I can’t quite believe that, a year ago today, I was stood in a field in Gloucestershire at 6am looking down the lens of a camera. Of course, it wasn’t just any old field – it was the wildflower meadow at Highgrove, where our patron HRH The Prince of Wales was hosting the launch of his ambitious Coronation Meadows project. And it wasn’t just any old camera either; it was a BBC Breakfast TV camera and weather presenter Carol Kirkwood was about to interview me live.
That’s how one of the most exciting days I’ve ever had at Plantlife began. It was a bit of a whirlwind, with a visit from HRH Prince Charles, a tour of his meadows and garden, and a constant stream of media requests and interviews. The highlight for me, though, was the reception with the owners and managers of the first 60 Coronation Meadows. Many were able to make their way to Highgrove and the Prince talked to them all. His personal interest in their work and the passion he has for meadows and the farming practices that support them really shone through on the day.
HRH The Prince of Wales at Highgrove © Plantlife / Robin Bell
Much has happened since then and in many ways the real work has now begun. The Prince’s vision to identify a flagship Coronation Meadow in each county and then use green hay from these to literally seed new meadows is gradually taking shape. Here are some highlights from the last 12 months:
• Coronation Meadows have now been identified in nearly all of the 72 counties of England, Wales and Northern Ireland (just two counties remain).
• In Scotland, where there are fewer suitable sites, Coronation Meadows have been identified in 22 of the 34 counties.
• Restoration work in 2013 saw 12 new meadows created in 12 counties, and many of these are showing spectacular results this year with superb germination following the mild winter and the warm, wet spring.

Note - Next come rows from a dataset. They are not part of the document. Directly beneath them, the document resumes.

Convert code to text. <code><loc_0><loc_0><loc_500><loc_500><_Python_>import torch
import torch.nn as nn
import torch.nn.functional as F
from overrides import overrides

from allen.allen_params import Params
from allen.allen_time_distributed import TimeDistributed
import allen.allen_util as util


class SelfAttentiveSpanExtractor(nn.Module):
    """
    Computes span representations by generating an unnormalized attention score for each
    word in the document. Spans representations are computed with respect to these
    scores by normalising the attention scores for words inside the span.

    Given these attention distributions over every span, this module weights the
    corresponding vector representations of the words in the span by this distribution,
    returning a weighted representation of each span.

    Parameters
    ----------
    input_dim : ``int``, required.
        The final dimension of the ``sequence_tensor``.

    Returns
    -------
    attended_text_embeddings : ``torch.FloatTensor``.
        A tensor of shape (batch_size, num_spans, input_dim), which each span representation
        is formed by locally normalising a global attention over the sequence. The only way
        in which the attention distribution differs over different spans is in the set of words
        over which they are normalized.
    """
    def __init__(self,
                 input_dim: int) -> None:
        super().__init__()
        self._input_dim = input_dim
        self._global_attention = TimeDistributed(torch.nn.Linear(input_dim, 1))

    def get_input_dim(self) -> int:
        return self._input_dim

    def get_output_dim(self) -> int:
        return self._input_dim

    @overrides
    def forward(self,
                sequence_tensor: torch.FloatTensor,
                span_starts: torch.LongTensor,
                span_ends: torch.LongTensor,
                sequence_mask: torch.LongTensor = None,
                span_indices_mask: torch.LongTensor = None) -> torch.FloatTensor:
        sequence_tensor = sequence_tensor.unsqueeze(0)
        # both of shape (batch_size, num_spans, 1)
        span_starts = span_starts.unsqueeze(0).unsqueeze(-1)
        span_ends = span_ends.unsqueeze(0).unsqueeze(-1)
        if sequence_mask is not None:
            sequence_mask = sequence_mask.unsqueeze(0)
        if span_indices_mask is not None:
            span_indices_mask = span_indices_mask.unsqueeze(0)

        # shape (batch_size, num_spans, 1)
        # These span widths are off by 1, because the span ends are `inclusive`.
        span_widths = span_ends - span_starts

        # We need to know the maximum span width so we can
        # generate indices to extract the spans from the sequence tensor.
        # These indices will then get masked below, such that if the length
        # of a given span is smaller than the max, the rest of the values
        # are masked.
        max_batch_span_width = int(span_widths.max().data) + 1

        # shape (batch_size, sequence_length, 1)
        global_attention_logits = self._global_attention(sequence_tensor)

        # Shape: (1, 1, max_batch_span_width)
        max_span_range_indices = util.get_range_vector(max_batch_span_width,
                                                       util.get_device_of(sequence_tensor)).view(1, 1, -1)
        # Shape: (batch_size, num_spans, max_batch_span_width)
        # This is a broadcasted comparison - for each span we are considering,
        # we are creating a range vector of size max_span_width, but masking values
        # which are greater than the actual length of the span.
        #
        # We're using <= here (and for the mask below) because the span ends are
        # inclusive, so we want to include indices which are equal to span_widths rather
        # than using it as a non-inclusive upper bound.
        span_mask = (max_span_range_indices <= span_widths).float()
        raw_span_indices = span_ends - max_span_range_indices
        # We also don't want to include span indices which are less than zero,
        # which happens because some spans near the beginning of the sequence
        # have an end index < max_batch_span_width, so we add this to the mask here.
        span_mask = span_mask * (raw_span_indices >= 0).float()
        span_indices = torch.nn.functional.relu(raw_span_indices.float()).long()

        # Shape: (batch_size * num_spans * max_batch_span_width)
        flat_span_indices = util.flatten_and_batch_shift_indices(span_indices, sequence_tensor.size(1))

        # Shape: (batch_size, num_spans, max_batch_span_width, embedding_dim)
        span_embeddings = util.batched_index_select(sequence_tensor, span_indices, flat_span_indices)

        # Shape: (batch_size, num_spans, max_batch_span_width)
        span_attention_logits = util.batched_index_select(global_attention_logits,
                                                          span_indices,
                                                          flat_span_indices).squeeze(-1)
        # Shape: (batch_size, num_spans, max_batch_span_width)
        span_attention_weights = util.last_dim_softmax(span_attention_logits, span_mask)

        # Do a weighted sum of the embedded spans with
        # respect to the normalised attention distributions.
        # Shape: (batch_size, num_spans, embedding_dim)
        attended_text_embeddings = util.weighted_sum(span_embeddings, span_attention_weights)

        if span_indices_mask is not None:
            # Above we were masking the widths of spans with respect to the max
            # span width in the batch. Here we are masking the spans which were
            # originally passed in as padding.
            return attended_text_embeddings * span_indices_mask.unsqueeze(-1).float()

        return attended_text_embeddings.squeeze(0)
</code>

• Thanks to a generous grant from Biffa Award, £990k of funding has been secured towards the creation and restoration of meadows across England and Wales over the next 3 years.
• As a result of this funding, work is underway this summer to create and restore 30 meadows in 24 counties.
The creation and restoration of meadows is not an easy task. It requires lots of planning, site preparation, hard work and skill. The funding from Biffa will now pave the way for much of this activity. But it’s matched with an equal amount of enthusiasm from meadow owners and farmers who are beginning to appreciate the true value of flower-rich meadows. With their dedication and help, the vision of a new meadow in every county can be achieved, securing a legacy for the next 60 years.
This year is proving to be exceptional for many meadow flowers. In the warm and wet conditions everything seems to be a good two to three weeks earlier than last year. Cowslips put on magnificent displays, green-winged orchids were counted in their thousands and now the spotted and marsh orchids are reaching the crescendo in their performance.
Green-winged Orchids © Trevor Dines / Plantlife
Many of these ancient meadows are open to the public, so check out your local Coronation Meadow for details. Now is perhaps the best time to visit and soak up some of that unique atmosphere. Nothing beats a warm summer afternoon with skylarks soaring overhead, grasshoppers singing in the grass, butterflies flitting from flower to flower and the scent of orchids in the air. Catch it while you can before the haymaking begins!
Trevor Dines is Plantlife’s Botanical Specialist and a member of the Coronation Meadows Steering Group.